■ Work order: I need the records below retyped exactly.

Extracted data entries

++++++

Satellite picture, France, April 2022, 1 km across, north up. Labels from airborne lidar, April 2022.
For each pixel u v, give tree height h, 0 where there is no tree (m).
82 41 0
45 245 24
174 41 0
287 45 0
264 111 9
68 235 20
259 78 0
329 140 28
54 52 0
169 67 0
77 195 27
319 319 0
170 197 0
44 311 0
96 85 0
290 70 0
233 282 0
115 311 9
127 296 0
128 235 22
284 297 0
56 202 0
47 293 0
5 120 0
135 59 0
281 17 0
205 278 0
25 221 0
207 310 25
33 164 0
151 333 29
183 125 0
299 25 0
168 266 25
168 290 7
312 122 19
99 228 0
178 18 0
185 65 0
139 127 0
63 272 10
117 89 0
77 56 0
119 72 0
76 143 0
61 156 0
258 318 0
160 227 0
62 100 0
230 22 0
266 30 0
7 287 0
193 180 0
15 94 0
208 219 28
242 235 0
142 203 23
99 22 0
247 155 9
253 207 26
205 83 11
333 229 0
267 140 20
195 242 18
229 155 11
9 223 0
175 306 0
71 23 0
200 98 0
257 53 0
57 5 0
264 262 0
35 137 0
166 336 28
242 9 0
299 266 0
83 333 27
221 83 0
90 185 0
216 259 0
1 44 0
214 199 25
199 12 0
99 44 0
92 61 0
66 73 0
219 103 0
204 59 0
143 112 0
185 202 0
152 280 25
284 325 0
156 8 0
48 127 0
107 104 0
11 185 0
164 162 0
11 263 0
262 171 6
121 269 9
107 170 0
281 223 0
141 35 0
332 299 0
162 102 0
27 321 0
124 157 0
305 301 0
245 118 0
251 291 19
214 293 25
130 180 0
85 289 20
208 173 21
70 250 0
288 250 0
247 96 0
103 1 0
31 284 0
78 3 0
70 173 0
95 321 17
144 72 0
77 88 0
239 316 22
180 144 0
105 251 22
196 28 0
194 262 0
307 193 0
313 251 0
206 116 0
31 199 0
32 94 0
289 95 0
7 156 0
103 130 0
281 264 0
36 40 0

++++++

■ Result of the exercise:
Satellite picture, France, April 2022, 1 km across, north up. Labels from airborne lidar, April 2022.
For each pixel u v, give tree height h, 0 where there is no tree (m).
82 41 0
45 245 24
174 41 0
287 45 0
264 111 9
68 235 20
259 78 0
329 140 28
54 52 0
169 67 0
77 195 27
319 319 0
170 197 0
44 311 0
96 85 0
290 70 0
233 282 0
115 311 9
127 296 0
128 235 22
284 297 0
56 202 0
47 293 0
5 120 0
135 59 0
281 17 0
205 278 0
25 221 0
207 310 25
33 164 0
151 333 29
183 125 0
299 25 0
168 266 25
168 290 7
312 122 19
99 228 0
178 18 0
185 65 0
139 127 0
63 272 10
117 89 0
77 56 0
119 72 0
76 143 0
61 156 0
258 318 0
160 227 0
62 100 0
230 22 0
266 30 0
7 287 0
193 180 0
15 94 0
208 219 28
242 235 0
142 203 23
99 22 0
247 155 9
253 207 26
205 83 11
333 229 0
267 140 20
195 242 18
229 155 11
9 223 0
175 306 0
71 23 0
200 98 0
257 53 0
57 5 0
264 262 0
35 137 0
166 336 28
242 9 0
299 266 0
83 333 27
221 83 0
90 185 0
216 259 0
1 44 0
214 199 25
199 12 0
99 44 0
92 61 0
66 73 0
219 103 0
204 59 0
143 112 0
185 202 0
152 280 25
284 325 0
156 8 0
48 127 0
107 104 0
11 185 0
164 162 0
11 263 0
262 171 6
121 269 9
107 170 0
281 223 0
141 35 0
332 299 0
162 102 0
27 321 0
124 157 0
305 301 0
245 118 0
251 291 19
214 293 25
130 180 0
85 289 20
208 173 21
70 250 0
288 250 0
247 96 0
103 1 0
31 284 0
78 3 0
70 173 0
95 321 17
144 72 0
77 88 0
239 316 22
180 144 0
105 251 22
196 28 0
194 262 0
307 193 0
313 251 0
206 116 0
31 199 0
32 94 0
289 95 0
7 156 0
103 130 0
281 264 0
36 40 0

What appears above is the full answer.